Clearer handoffs	A fixed end-of-reply checklist records what changed, whether deploy is pending, and whether notes were updated.
Fewer repeat mistakes	Open loops and gotchas live in files read at start—not buried in a thread from last week.
Lower rework cost	One bootstrap checklist on one model burns fewer tokens than re-teaching rules every time the model picker changes.

Optional extras help but are not required to get most of the benefit:

Always-on Cursor rules — Small files that repeat non-negotiables (read handoff notes, append the footer) so they survive long chats.
Session-start hook — A script that writes a snapshot (git status, inbox, health) into a file the agent reads first; useful for ops-heavy apps, optional for simpler repos.
One canonical footer spec — One markdown note defines the footer; every other doc links to it so fields do not drift.

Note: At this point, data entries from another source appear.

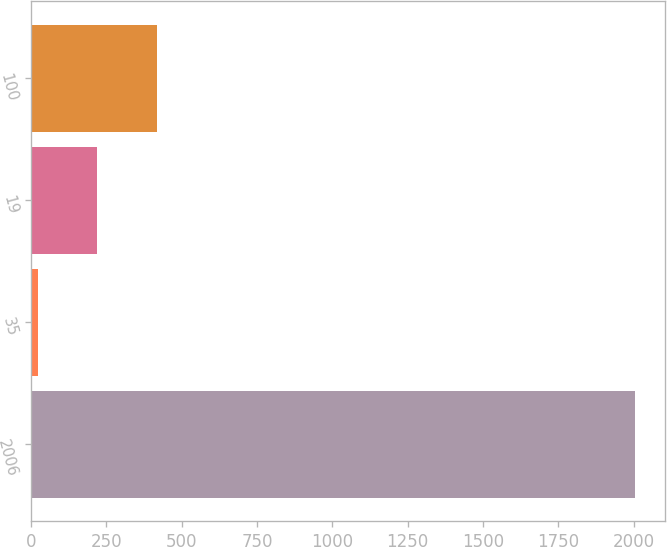Convert chart. <chart><loc_0><loc_0><loc_500><loc_500><bar_chart><fcel>2006<fcel>35<fcel>19<fcel>100<nl><fcel>2005<fcel>21<fcel>219.4<fcel>417.8<nl></chart> 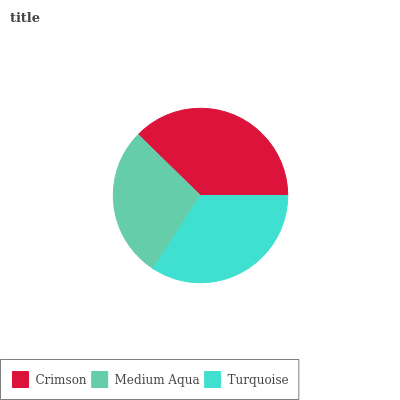Is Medium Aqua the minimum?
Answer yes or no. Yes. Is Crimson the maximum?
Answer yes or no. Yes. Is Turquoise the minimum?
Answer yes or no. No. Is Turquoise the maximum?
Answer yes or no. No. Is Turquoise greater than Medium Aqua?
Answer yes or no. Yes. Is Medium Aqua less than Turquoise?
Answer yes or no. Yes. Is Medium Aqua greater than Turquoise?
Answer yes or no. No. Is Turquoise less than Medium Aqua?
Answer yes or no. No. Is Turquoise the high median?
Answer yes or no. Yes. Is Turquoise the low median?
Answer yes or no. Yes. Is Medium Aqua the high median?
Answer yes or no. No. Is Medium Aqua the low median?
Answer yes or no. No. 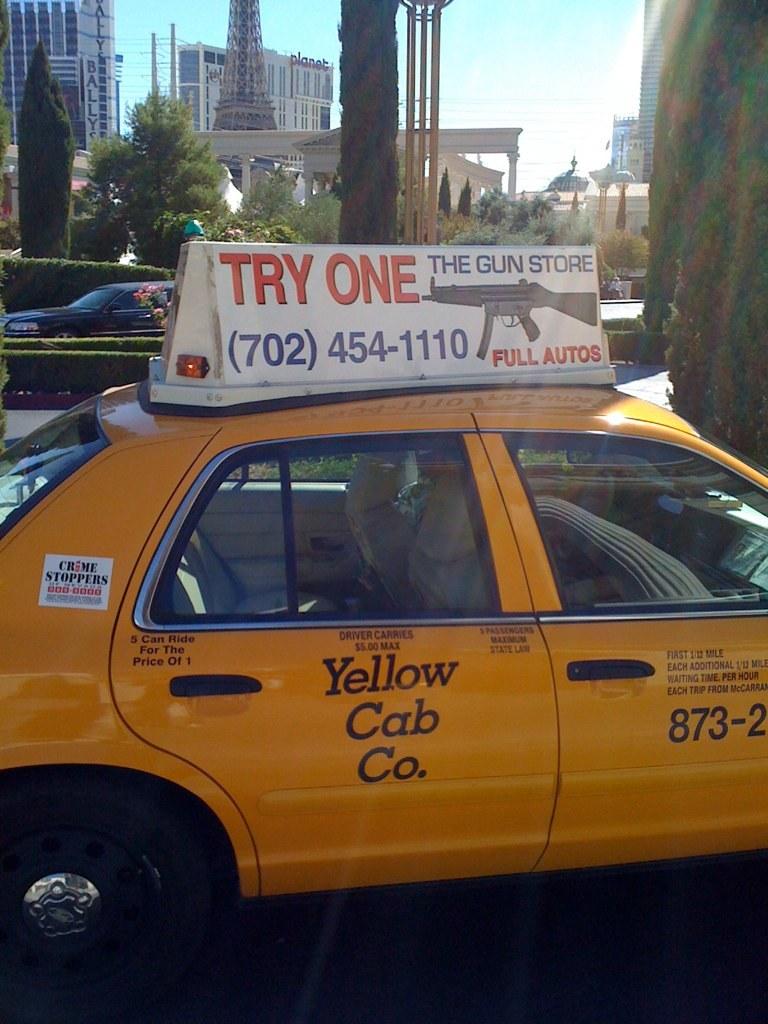What does the store sell?
Make the answer very short. Guns. What is the gun store's number?
Keep it short and to the point. 702-454-1110. 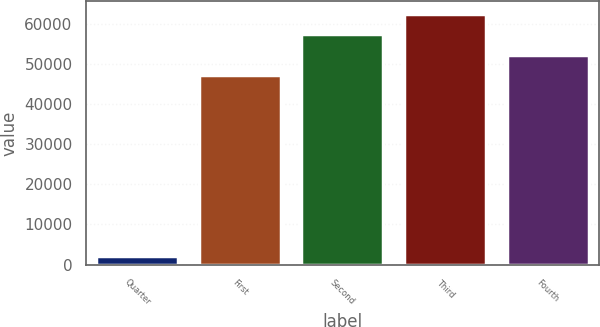Convert chart. <chart><loc_0><loc_0><loc_500><loc_500><bar_chart><fcel>Quarter<fcel>First<fcel>Second<fcel>Third<fcel>Fourth<nl><fcel>2009<fcel>47197<fcel>57355.2<fcel>62434.3<fcel>52276.1<nl></chart> 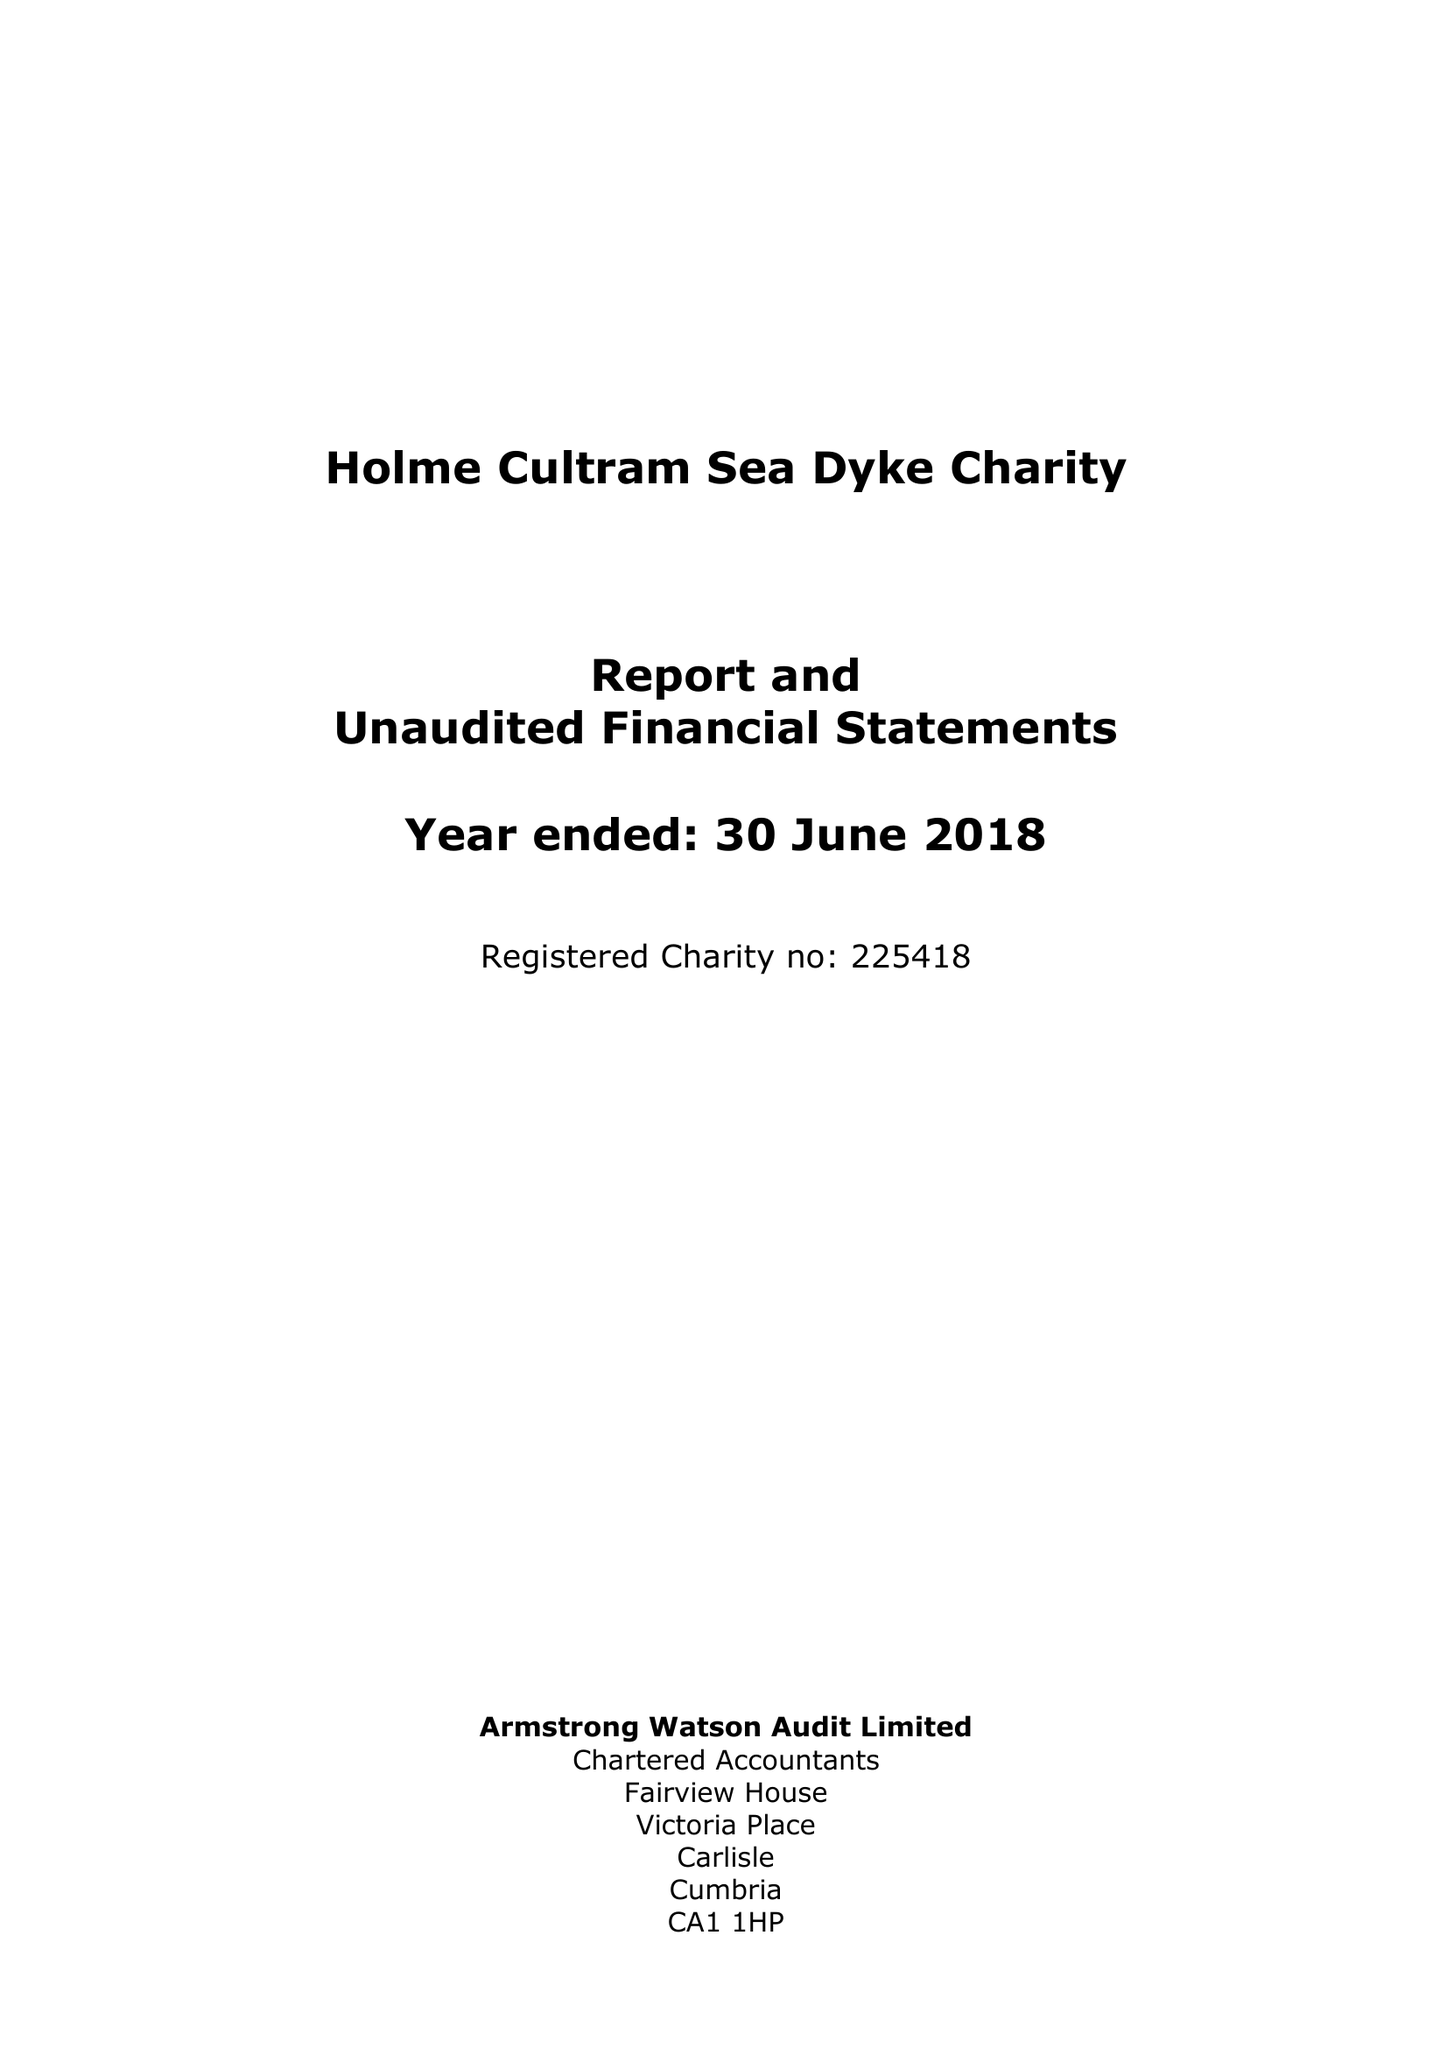What is the value for the address__postcode?
Answer the question using a single word or phrase. CA7 4PT

The limiting factor was never "the model cannot code." It was sessions that skipped session start because rules lived in five places. Tightening session start on one model beat upgrading to a frontier model on a loose bootstrap.

Reference

Quick reference: bootstrap order (example)

Step	Artifact	Purpose
1	`00_Brain` Start of Session prompt	Methodology gate
2	`.claude/NOTES.md`, `NEXT_SESSION.md`	Repo handoff
3	`memories/repo/index.md`, `open-loops.md`, `known-gotchas.md`	Operational memory
4	Response Footer Contract (Brain)	v3.1 modes A–G
5	Vault: Summaries → Bridge → Features	Project truth
6	Session note before code	Inspectable narrative
7	`.cursor/rules/response-footer.mdc` (`alwaysApply`)	Per-turn enforcement

Model policy (example): Agent implementation = Composer 2.5 only; human escalates for one-off security/architecture review, not inline implementation swaps.

Common mistakes

Mistake	Why it fails	Fix
Switching models mid-session for "smarter" fixes	Breaks footer and vault habit	Narrow task; document gap in gotchas
Footer rules buried in 3k-token copilot-instructions	Format rules drop first	Dedicated `response-footer.mdc` alwaysApply
Skipping session start on "small" tasks	Re-explaining burns more than bootstrap	Mode B minimum; skip only true Mode A Q&A
Expecting frontier model to replace file memory	Good code, no handoff	Mandatory Obsidian proof line in footer
Auto model routing in harness	You lose auditability	Human picks model; harness shapes procedure
Benchmark chasing without compliance metrics	Vanity wins, drift continues	Measure footer + vault writes for two weeks

FAQ

Is Composer 2.5 the best coding model?

Not on every benchmark. It is the best controlled model for my stack: cost ceiling, rule compliance, and comparable session handoffs.

When should I escalate to another model?

Rare, intentional review: unfamiliar dependency trees, one-off architecture critique—as reviewer, not default implementer.

Does one model save money by itself?

Indirectly. Tighter bootstrap and fewer rework tokens often beat a pricier "smarter" model on a loose OS (cost context).

How does this relate to CursorBench?

Composer 2.5 scores well on score per dollar on CursorBench 3.2 (analysis)—one line item, not the whole argument.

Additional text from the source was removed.